Sunday morning caught 3 ladyfish, yesterday caught 4 pompano, today nothing. All on sand fleas. Any advice to catch more pomps?


----------



## TheLooney1 (Jul 2, 2009)

You caught 4? Sounds like you should be giving out the advice.


----------



## Charlie2 (Oct 2, 2007)

*Pompano*



TheLooney1 said:


> You caught 4? Sounds like you should be giving out the advice.


Amen Brother! This time of the year, 4 Pompano is an excellent catch. 

See Steve's post about surf fish populations. JMHO C2


----------



## Pier#r (Oct 2, 2007)

Right on, unless they are 4" long like the ones I've been seeing lately ;-)


----------



## Charlie2 (Oct 2, 2007)

*ompano Fishing*



Pier#r said:


> Right on, unless they are 4" long like the ones I've been seeing lately ;-)


You're going to see massive schools of what I call 'tenners' from now until the cold fronts start over in Texas and Louisiana. You'll see a lot of fish caught with some 'Legals' until then.

I will revert to a flyrod to take advantage of them. Catch and Release only.

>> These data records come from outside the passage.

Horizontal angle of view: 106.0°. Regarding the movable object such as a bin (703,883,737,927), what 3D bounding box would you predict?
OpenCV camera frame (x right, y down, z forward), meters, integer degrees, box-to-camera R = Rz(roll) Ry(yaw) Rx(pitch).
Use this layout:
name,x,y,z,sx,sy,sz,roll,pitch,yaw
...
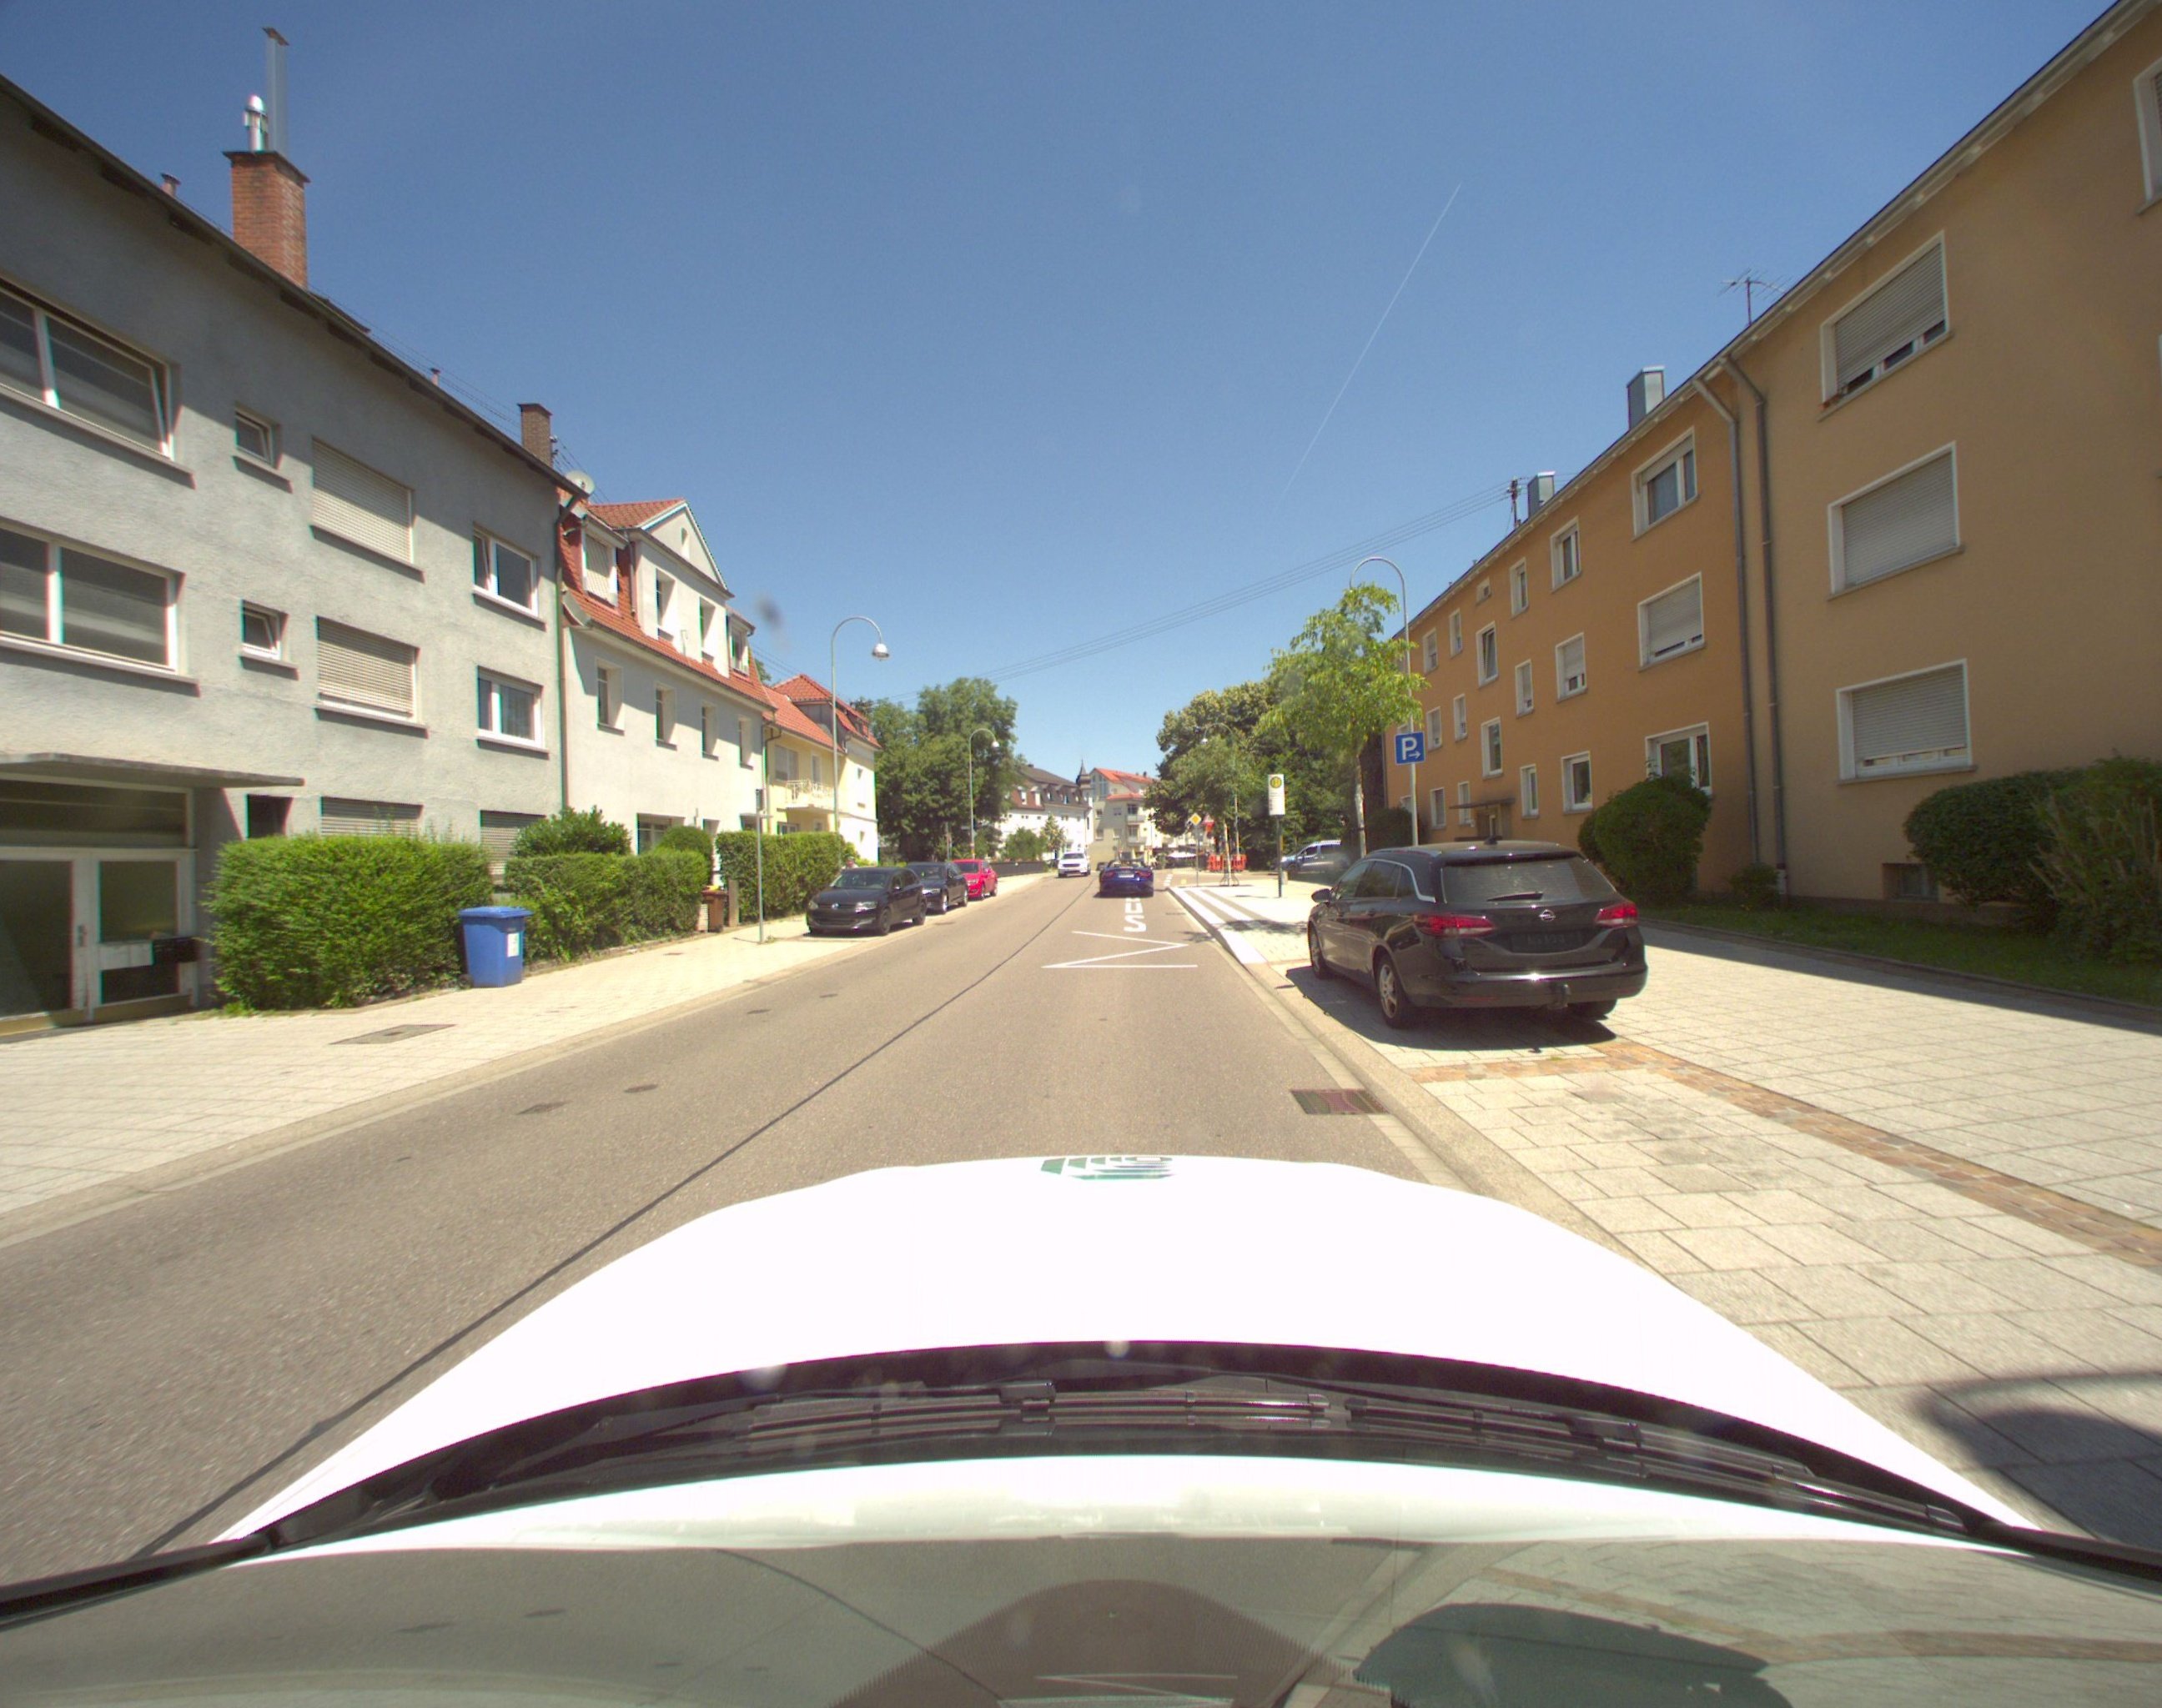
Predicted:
name,x,y,z,sx,sy,sz,roll,pitch,yaw
movable object such as a bin,-8.575,1.209,19.338,0.465,0.990,0.614,-3,0,3

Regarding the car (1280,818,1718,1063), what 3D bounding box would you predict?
name,x,y,z,sx,sy,sz,roll,pitch,yaw
car,3.410,0.579,7.993,1.826,1.504,5.067,-4,0,3

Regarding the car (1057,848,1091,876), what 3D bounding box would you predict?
name,x,y,z,sx,sy,sz,roll,pitch,yaw
car,-0.418,0.505,52.018,1.870,1.597,4.361,-4,0,2

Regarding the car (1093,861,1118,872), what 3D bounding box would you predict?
name,x,y,z,sx,sy,sz,roll,pitch,yaw
car,3.566,1.811,118.018,3.232,1.458,1.702,-3,-1,26

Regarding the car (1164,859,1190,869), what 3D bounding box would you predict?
name,x,y,z,sx,sy,sz,roll,pitch,yaw
car,13.659,1.405,115.802,1.696,1.460,4.155,0,-1,41

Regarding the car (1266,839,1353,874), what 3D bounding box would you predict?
name,x,y,z,sx,sy,sz,roll,pitch,yaw
car,12.697,0.126,45.328,4.330,1.839,1.747,-1,-1,-5

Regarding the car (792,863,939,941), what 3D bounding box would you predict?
name,x,y,z,sx,sy,sz,roll,pitch,yaw
car,-4.730,0.984,18.550,1.778,1.459,4.206,0,1,7

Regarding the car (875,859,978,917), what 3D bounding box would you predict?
name,x,y,z,sx,sy,sz,roll,pitch,yaw
car,-4.574,0.955,24.987,1.856,1.461,5.311,-1,1,3

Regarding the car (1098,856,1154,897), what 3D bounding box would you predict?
name,x,y,z,sx,sy,sz,roll,pitch,yaw
car,1.657,0.760,29.675,1.862,1.342,4.600,-1,-1,3

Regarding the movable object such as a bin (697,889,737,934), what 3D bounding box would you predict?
name,x,y,z,sx,sy,sz,roll,pitch,yaw
movable object such as a bin,-8.006,1.261,17.943,0.492,0.912,0.706,-3,0,3

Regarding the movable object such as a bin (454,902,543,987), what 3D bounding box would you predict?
name,x,y,z,sx,sy,sz,roll,pitch,yaw
movable object such as a bin,-7.864,1.208,11.020,0.670,1.047,0.652,-3,0,2

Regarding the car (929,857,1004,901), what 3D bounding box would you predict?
name,x,y,z,sx,sy,sz,roll,pitch,yaw
car,-4.239,0.881,30.903,1.869,1.479,4.742,0,0,3

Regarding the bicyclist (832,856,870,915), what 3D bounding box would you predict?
name,x,y,z,sx,sy,sz,roll,pitch,yaw
bicyclist,-6.713,0.912,23.765,0.779,1.659,0.835,-3,0,1

It will get better; trust me! JMHO C2


----------



## TheLooney1 (Jul 2, 2009)

Do you fly fish from a boat or shore?


----------



## Charlie2 (Oct 2, 2007)

*Fly Fishinh*



TheLooney1 said:


> Do you fly fish from a boat or shore?


I sight fish from the sand with both fly and spinning rod. Running and Gunning is my game. :whistling: C2


----------